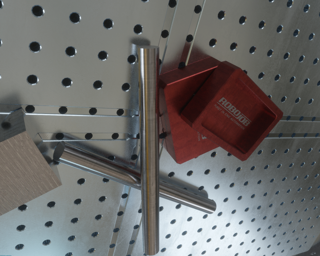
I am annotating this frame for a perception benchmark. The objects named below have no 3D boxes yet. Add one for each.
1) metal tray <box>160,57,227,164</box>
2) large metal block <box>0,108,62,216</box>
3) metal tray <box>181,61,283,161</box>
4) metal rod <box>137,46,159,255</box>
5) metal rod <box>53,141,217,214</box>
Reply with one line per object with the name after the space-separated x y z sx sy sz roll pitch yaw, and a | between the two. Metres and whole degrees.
0.048 -0.021 0.423 0.091 0.030 0.129 -23 127 -15 | metal tray
-0.164 0.038 0.330 0.080 0.050 0.080 -27 128 -12 | large metal block
0.100 -0.017 0.414 0.130 0.030 0.090 31 100 -39 | metal tray
-0.013 0.046 0.407 0.025 0.025 0.298 -11 115 -23 | metal rod
-0.014 0.083 0.456 0.301 0.025 0.025 29 102 -38 | metal rod
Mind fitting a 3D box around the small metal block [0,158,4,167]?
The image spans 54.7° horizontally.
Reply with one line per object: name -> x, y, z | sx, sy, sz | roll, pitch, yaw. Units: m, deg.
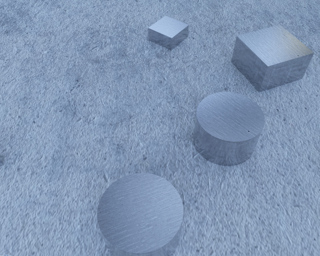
small metal block -> -0.227, 0.036, 0.372 | 0.050, 0.025, 0.050 | -35, 58, -26

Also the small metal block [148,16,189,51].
small metal block -> 0.015, -0.168, 0.544 | 0.050, 0.025, 0.050 | 30, 56, 23

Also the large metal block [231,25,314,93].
large metal block -> 0.170, -0.109, 0.480 | 0.081, 0.050, 0.080 | -18, 52, -15

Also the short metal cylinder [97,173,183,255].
short metal cylinder -> -0.018, 0.092, 0.309 | 0.081, 0.050, 0.080 | 0, 50, 0

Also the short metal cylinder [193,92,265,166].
short metal cylinder -> 0.084, 0.000, 0.387 | 0.081, 0.050, 0.080 | 0, 50, 0
+===+
* [Your objective] Each line from the first line of the records through the line containing "5) metal rod <box>53,141,217,214</box>" must be reproduced exactly, with both ends included and all pictures omitted; nothing else belongs in the answer.

* [Exercise response]
I am annotating this frame for a perception benchmark. The objects named below have no 3D boxes yet. Add one for each.
1) metal tray <box>160,57,227,164</box>
2) large metal block <box>0,108,62,216</box>
3) metal tray <box>181,61,283,161</box>
4) metal rod <box>137,46,159,255</box>
5) metal rod <box>53,141,217,214</box>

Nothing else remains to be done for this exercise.